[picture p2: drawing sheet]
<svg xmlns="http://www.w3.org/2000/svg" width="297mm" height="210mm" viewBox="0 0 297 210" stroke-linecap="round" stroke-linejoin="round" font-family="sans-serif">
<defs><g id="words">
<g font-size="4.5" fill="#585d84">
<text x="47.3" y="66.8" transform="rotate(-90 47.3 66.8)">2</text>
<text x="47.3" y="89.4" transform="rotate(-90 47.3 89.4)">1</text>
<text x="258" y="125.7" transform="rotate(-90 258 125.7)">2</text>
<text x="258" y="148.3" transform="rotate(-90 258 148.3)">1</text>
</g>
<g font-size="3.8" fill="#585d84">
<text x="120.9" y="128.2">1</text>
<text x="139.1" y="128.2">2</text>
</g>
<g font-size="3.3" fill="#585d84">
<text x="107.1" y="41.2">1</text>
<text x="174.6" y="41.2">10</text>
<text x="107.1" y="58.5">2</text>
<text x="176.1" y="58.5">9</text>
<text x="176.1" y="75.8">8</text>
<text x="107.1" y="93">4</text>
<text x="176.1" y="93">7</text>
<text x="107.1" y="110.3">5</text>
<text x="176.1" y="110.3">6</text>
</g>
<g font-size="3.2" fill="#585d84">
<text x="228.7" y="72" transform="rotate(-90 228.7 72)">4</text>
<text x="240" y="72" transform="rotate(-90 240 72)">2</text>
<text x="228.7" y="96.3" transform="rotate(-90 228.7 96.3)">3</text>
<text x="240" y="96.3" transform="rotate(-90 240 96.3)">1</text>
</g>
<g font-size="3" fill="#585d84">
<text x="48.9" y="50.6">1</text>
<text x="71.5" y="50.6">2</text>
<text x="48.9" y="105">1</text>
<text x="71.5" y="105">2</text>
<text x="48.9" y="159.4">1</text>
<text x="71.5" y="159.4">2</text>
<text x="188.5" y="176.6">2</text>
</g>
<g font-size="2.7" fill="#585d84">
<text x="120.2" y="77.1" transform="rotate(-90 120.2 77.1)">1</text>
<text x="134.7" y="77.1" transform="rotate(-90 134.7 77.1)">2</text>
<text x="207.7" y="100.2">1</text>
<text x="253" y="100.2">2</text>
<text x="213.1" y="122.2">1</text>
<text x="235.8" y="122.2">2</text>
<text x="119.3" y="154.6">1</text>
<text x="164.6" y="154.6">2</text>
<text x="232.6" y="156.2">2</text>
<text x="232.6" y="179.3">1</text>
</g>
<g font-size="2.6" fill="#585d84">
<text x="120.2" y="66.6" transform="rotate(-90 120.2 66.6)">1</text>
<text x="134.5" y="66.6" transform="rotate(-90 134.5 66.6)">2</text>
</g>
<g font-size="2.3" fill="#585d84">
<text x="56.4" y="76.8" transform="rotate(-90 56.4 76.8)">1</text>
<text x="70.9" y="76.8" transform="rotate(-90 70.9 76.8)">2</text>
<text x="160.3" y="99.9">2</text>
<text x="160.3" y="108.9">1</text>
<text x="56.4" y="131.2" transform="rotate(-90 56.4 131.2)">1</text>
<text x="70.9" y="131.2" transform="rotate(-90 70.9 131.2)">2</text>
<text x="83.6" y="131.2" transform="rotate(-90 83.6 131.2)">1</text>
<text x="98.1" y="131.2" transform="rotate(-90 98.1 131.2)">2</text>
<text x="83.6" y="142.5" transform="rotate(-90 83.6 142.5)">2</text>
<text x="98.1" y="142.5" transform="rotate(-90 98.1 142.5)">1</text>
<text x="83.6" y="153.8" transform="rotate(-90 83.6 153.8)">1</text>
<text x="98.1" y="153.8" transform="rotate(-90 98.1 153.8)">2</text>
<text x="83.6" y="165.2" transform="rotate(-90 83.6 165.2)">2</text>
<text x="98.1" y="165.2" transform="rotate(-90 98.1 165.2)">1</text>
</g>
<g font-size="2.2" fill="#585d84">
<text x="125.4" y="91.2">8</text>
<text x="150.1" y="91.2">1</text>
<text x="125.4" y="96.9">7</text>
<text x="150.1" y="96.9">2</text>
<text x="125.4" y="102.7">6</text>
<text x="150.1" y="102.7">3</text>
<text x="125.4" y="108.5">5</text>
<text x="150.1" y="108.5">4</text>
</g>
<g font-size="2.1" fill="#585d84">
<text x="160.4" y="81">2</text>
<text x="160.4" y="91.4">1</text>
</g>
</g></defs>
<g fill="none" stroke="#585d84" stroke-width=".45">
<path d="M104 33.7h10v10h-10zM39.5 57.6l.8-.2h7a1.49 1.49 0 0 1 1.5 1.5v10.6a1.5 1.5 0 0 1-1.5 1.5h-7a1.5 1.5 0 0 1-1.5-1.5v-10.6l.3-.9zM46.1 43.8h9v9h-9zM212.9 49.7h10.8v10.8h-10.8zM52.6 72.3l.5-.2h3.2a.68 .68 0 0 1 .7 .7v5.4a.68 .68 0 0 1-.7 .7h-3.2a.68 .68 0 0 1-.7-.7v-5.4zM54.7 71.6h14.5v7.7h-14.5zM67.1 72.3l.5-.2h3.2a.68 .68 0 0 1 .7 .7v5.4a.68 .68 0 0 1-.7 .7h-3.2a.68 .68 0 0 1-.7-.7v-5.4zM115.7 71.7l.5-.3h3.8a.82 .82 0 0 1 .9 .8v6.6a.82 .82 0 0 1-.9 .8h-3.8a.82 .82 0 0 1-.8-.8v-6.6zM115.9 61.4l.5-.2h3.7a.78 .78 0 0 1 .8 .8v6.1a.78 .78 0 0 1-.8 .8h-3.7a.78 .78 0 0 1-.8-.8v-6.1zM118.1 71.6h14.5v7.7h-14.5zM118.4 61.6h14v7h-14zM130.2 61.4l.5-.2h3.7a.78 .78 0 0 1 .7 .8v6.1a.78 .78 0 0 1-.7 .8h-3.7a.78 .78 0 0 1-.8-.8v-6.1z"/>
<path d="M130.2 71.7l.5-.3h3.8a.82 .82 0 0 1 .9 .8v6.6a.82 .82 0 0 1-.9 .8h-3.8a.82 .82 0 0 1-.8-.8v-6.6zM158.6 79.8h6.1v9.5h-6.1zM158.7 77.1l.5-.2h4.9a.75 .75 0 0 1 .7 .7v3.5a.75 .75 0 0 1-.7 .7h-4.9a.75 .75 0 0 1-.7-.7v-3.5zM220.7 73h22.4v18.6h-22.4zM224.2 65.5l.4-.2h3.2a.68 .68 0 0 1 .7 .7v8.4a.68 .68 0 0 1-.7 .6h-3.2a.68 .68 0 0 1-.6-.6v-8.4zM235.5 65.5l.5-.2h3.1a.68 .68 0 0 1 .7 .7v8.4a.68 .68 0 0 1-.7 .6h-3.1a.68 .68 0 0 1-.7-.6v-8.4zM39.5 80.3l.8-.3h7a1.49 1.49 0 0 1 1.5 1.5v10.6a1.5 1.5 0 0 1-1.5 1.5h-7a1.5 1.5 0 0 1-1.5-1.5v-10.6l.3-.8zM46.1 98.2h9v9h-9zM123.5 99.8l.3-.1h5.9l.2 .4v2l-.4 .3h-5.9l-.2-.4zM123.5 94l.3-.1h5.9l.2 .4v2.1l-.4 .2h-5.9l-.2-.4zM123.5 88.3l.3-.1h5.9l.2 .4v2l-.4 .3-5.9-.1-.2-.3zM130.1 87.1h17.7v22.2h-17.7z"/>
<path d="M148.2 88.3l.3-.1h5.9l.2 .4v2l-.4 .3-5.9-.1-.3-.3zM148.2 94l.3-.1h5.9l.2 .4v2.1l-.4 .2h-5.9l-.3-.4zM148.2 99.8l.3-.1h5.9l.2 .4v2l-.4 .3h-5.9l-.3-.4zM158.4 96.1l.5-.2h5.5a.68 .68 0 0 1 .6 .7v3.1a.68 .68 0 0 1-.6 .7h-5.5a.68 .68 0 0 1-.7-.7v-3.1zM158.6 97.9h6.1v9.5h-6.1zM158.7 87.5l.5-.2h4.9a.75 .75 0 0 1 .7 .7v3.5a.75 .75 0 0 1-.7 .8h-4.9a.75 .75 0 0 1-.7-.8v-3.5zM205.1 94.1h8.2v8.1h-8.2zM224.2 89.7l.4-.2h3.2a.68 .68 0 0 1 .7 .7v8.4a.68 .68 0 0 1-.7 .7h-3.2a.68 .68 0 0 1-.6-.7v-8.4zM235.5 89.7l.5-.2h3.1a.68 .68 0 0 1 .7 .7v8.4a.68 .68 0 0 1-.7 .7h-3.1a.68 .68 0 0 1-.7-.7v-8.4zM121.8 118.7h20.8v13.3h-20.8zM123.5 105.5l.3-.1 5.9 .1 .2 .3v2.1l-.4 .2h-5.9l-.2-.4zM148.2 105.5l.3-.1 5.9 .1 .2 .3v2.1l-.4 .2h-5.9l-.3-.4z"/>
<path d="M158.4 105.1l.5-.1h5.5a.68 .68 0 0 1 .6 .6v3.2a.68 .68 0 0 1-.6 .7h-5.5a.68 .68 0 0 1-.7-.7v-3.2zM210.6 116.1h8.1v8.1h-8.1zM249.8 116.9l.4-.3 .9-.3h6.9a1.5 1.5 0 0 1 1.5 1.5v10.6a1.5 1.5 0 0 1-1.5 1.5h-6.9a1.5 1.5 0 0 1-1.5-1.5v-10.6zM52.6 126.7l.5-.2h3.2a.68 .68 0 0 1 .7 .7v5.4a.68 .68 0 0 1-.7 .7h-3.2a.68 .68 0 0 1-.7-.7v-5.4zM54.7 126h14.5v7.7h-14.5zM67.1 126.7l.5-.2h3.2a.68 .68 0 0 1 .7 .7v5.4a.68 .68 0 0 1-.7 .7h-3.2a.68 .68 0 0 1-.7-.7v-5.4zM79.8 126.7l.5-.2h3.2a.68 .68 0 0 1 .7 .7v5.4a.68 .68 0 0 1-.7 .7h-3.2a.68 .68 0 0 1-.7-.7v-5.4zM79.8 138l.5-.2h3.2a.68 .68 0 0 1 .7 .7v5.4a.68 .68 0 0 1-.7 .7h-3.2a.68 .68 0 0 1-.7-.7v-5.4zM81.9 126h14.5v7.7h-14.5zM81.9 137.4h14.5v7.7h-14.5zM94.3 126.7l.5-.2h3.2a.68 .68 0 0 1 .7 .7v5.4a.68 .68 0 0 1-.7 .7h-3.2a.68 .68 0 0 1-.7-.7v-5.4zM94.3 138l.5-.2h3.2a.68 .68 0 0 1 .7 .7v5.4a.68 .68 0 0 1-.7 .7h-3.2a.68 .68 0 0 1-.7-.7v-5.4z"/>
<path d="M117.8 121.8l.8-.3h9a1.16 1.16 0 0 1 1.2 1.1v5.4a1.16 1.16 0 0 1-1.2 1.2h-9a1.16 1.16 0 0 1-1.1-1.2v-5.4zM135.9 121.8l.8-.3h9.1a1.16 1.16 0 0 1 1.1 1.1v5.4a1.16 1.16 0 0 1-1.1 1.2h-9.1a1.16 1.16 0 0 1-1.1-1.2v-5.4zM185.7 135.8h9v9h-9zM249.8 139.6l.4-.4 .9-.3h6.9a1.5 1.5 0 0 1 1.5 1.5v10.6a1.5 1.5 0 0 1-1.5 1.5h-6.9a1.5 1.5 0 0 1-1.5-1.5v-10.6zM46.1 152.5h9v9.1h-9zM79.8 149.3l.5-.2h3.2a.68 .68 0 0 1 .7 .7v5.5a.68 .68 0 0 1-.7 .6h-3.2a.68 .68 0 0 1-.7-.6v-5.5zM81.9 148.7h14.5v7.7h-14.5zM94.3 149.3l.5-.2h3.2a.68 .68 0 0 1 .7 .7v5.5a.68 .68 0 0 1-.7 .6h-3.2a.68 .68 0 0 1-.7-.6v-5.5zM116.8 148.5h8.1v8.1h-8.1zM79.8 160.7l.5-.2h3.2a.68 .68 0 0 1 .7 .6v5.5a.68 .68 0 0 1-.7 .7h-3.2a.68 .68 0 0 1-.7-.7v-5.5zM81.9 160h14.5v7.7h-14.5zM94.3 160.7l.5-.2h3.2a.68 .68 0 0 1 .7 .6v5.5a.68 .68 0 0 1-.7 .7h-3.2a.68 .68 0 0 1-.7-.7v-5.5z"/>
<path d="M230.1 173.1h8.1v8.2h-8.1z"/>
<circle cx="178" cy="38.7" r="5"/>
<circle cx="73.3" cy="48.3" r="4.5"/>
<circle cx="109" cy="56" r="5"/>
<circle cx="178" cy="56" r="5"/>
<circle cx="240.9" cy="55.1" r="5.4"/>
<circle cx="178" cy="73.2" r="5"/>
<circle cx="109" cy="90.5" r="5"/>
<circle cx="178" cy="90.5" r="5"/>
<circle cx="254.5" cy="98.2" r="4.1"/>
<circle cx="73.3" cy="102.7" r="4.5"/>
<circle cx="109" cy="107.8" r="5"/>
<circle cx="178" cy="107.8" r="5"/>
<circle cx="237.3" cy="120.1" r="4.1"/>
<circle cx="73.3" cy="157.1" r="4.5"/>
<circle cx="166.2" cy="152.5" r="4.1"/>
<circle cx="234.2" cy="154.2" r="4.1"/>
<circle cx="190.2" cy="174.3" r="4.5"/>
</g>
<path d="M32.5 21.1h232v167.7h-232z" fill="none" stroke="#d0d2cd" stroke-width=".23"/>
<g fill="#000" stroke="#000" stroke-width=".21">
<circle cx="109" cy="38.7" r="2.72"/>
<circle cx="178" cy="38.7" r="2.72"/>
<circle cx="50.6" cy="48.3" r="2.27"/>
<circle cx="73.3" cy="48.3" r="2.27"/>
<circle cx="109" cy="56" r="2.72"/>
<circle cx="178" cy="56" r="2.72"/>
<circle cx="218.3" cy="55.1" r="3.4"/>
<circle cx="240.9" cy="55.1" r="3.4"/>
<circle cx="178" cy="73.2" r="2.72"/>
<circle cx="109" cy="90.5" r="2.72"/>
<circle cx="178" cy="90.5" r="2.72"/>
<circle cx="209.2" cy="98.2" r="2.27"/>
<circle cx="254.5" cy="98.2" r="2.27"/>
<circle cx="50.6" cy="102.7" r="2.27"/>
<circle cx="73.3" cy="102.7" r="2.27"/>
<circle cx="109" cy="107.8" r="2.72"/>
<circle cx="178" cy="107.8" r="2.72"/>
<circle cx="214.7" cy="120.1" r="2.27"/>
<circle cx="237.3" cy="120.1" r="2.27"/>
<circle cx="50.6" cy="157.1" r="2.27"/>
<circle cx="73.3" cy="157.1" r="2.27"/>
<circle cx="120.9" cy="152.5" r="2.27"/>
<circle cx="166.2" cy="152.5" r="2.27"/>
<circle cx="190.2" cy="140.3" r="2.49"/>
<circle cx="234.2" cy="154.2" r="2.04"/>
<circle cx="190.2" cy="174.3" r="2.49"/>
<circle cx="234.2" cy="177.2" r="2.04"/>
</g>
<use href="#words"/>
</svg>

┄┄┄┄┄┄

The problem:
Give only the number of lines in the records that include the word "none".

Result of this task:
2